Task goal: An exact restatement of the data below, with the pictures removed, is the required answer.

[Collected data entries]

((

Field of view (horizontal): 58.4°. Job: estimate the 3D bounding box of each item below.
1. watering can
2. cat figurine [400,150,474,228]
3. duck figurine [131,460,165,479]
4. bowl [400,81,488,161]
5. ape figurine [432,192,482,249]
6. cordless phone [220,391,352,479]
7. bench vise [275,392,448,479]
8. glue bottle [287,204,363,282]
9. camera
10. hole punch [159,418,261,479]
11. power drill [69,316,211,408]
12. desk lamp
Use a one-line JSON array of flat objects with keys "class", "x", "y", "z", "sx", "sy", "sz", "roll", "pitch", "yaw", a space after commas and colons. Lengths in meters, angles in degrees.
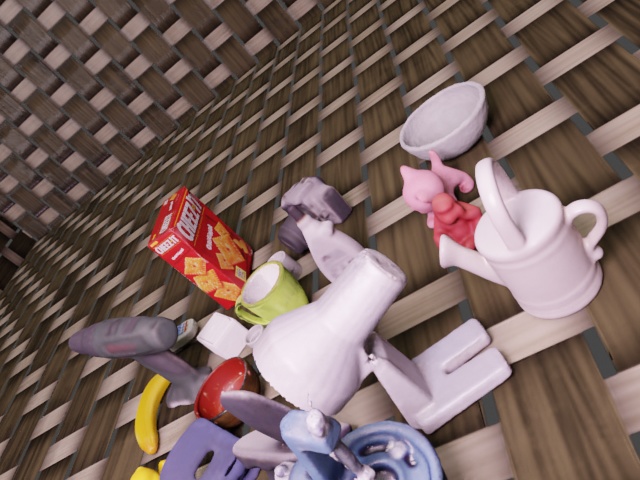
[{"class": "watering can", "x": 0.213, "y": -0.004, "z": 0.624, "sx": 0.172, "sy": 0.194, "sz": 0.100, "roll": -37, "pitch": 29, "yaw": 14}, {"class": "cat figurine", "x": 0.169, "y": -0.082, "z": 0.871, "sx": 0.067, "sy": 0.118, "sz": 0.128, "roll": -14, "pitch": 40, "yaw": 43}, {"class": "duck figurine", "x": -0.239, "y": 0.363, "z": 0.839, "sx": 0.077, "sy": 0.086, "sz": 0.104, "roll": -36, "pitch": 29, "yaw": 15}, {"class": "bowl", "x": 0.225, "y": -0.192, "z": 0.991, "sx": 0.167, "sy": 0.075, "sz": 0.167, "roll": -32, "pitch": 30, "yaw": 22}, {"class": "ape figurine", "x": 0.186, "y": -0.028, "z": 0.802, "sx": 0.077, "sy": 0.092, "sz": 0.076, "roll": -33, "pitch": 30, "yaw": 21}, {"class": "cordless phone", "x": -0.064, "y": 0.225, "z": 0.690, "sx": 0.147, "sy": 0.185, "sz": 0.094, "roll": -18, "pitch": 38, "yaw": 40}, {"class": "bench vise", "x": 0.015, "y": 0.230, "z": 0.540, "sx": 0.207, "sy": 0.220, "sz": 0.121, "roll": -28, "pitch": 32, "yaw": 28}, {"class": "glue bottle", "x": 0.008, "y": 0.003, "z": 0.908, "sx": 0.078, "sy": 0.173, "sz": 0.037, "roll": -30, "pitch": 31, "yaw": 25}, {"class": "camera", "x": -0.035, "y": -0.050, "z": 1.115, "sx": 0.137, "sy": 0.101, "sz": 0.142, "roll": -53, "pitch": 29, "yaw": -16}, {"class": "hole punch", "x": -0.148, "y": 0.311, "z": 0.785, "sx": 0.100, "sy": 0.091, "sz": 0.109, "roll": -3, "pitch": 48, "yaw": 51}, {"class": "power drill", "x": -0.304, "y": 0.209, "z": 1.004, "sx": 0.229, "sy": 0.209, "sz": 0.075, "roll": -23, "pitch": 35, "yaw": 35}, {"class": "desk lamp", "x": 0.064, "y": 0.119, "z": 0.635, "sx": 0.203, "sy": 0.214, "sz": 0.117, "roll": -39, "pitch": 28, "yaw": 9}]
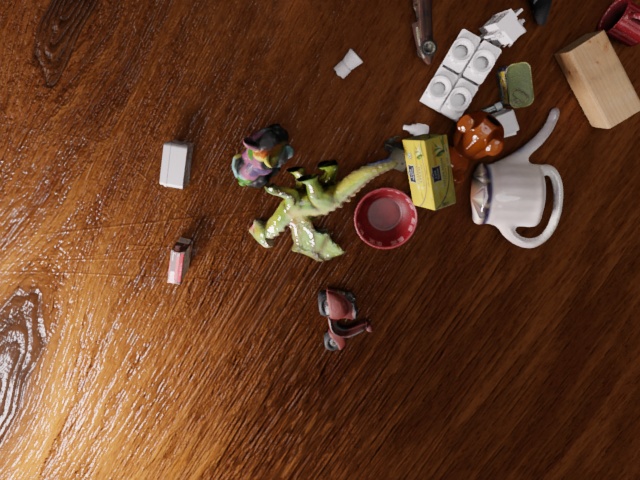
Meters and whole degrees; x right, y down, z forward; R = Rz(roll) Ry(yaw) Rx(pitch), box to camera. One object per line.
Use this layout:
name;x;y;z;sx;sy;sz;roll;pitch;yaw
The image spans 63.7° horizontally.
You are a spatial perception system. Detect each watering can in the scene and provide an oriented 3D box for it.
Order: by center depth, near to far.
watering can;0.487;-0.155;1.274;0.224;0.347;0.104;2;1;1

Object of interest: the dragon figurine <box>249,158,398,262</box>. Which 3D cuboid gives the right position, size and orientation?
dragon figurine;0.004;-0.065;1.297;0.409;0.239;0.124;-6;20;13

))

Exercise result:
Field of view (horizontal): 58.4°. Job: estimate the 3D bounding box of each item below.
1. watering can
2. cat figurine [400,150,474,228]
3. duck figurine [131,460,165,479]
4. bowl [400,81,488,161]
5. ape figurine [432,192,482,249]
6. cordless phone [220,391,352,479]
7. bench vise [275,392,448,479]
8. glue bottle [287,204,363,282]
9. camera
10. hole punch [159,418,261,479]
11. power drill [69,316,211,408]
12. desk lamp
Use a one-line JSON array of flat objects with keys "class", "x", "y", "z", "sx", "sy", "sz", "roll", "pitch", "yaw", a space after commas and colons. Lengths in meters, angles in degrees.
[{"class": "watering can", "x": 0.213, "y": -0.004, "z": 0.624, "sx": 0.172, "sy": 0.194, "sz": 0.100, "roll": -37, "pitch": 29, "yaw": 14}, {"class": "cat figurine", "x": 0.169, "y": -0.082, "z": 0.871, "sx": 0.067, "sy": 0.118, "sz": 0.128, "roll": -14, "pitch": 40, "yaw": 43}, {"class": "duck figurine", "x": -0.239, "y": 0.363, "z": 0.839, "sx": 0.077, "sy": 0.086, "sz": 0.104, "roll": -36, "pitch": 29, "yaw": 15}, {"class": "bowl", "x": 0.225, "y": -0.192, "z": 0.991, "sx": 0.167, "sy": 0.075, "sz": 0.167, "roll": -32, "pitch": 30, "yaw": 22}, {"class": "ape figurine", "x": 0.186, "y": -0.028, "z": 0.802, "sx": 0.077, "sy": 0.092, "sz": 0.076, "roll": -33, "pitch": 30, "yaw": 21}, {"class": "cordless phone", "x": -0.064, "y": 0.225, "z": 0.690, "sx": 0.147, "sy": 0.185, "sz": 0.094, "roll": -18, "pitch": 38, "yaw": 40}, {"class": "bench vise", "x": 0.015, "y": 0.230, "z": 0.540, "sx": 0.207, "sy": 0.220, "sz": 0.121, "roll": -28, "pitch": 32, "yaw": 28}, {"class": "glue bottle", "x": 0.008, "y": 0.003, "z": 0.908, "sx": 0.078, "sy": 0.173, "sz": 0.037, "roll": -30, "pitch": 31, "yaw": 25}, {"class": "camera", "x": -0.035, "y": -0.050, "z": 1.115, "sx": 0.137, "sy": 0.101, "sz": 0.142, "roll": -53, "pitch": 29, "yaw": -16}, {"class": "hole punch", "x": -0.148, "y": 0.311, "z": 0.785, "sx": 0.100, "sy": 0.091, "sz": 0.109, "roll": -3, "pitch": 48, "yaw": 51}, {"class": "power drill", "x": -0.304, "y": 0.209, "z": 1.004, "sx": 0.229, "sy": 0.209, "sz": 0.075, "roll": -23, "pitch": 35, "yaw": 35}, {"class": "desk lamp", "x": 0.064, "y": 0.119, "z": 0.635, "sx": 0.203, "sy": 0.214, "sz": 0.117, "roll": -39, "pitch": 28, "yaw": 9}]
Meters and whole degrees; x right, y down, z forward; R = Rz(roll) Ry(yaw) Rx(pitch), box to camera. One object per line.
Use this layout:
name;x;y;z;sx;sy;sz;roll;pitch;yaw
The image spans 63.7° horizontally.
You are a spatial perception system. Detect each watering can in the scene and provide an oriented 3D box for it.
Order: by center depth, near to far.
watering can;0.487;-0.155;1.274;0.224;0.347;0.104;2;1;1

Object of interest: the dragon figurine <box>249,158,398,262</box>. Which 3D cuboid gives the right position, size and orientation?
dragon figurine;0.004;-0.065;1.297;0.409;0.239;0.124;-6;20;13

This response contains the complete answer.